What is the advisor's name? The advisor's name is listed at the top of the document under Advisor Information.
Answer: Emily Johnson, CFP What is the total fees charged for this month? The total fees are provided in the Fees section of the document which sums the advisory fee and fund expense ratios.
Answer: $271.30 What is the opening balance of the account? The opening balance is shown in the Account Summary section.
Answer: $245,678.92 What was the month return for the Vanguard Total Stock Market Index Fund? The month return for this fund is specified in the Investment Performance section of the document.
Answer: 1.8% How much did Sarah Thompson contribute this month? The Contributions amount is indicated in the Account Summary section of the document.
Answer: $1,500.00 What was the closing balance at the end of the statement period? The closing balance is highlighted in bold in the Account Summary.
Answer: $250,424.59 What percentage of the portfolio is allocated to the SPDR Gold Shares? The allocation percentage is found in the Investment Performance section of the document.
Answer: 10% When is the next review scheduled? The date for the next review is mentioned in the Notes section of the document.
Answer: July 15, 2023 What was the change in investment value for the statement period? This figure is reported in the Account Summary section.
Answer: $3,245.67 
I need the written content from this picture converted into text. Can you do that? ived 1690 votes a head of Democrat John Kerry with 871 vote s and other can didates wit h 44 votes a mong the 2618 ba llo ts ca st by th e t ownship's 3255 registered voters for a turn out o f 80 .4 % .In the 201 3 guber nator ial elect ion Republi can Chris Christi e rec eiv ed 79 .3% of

┄┄┄┄┄┄

**INSTRUCTIONS TO FOLLOW:** Print only these lines, please. They run from the start of the entries above to the line containing "Answer: $1,500.00 What", both ends included, and must match exactly.

**YOUR SOLUTION:**
What is the advisor's name? The advisor's name is listed at the top of the document under Advisor Information.
Answer: Emily Johnson, CFP What is the total fees charged for this month? The total fees are provided in the Fees section of the document which sums the advisory fee and fund expense ratios.
Answer: $271.30 What is the opening balance of the account? The opening balance is shown in the Account Summary section.
Answer: $245,678.92 What was the month return for the Vanguard Total Stock Market Index Fund? The month return for this fund is specified in the Investment Performance section of the document.
Answer: 1.8% How much did Sarah Thompson contribute this month? The Contributions amount is indicated in the Account Summary section of the document.
Answer: $1,500.00 What was the closing balance at the end of the statement period? The closing balance is highlighted in bold in the Account Summary.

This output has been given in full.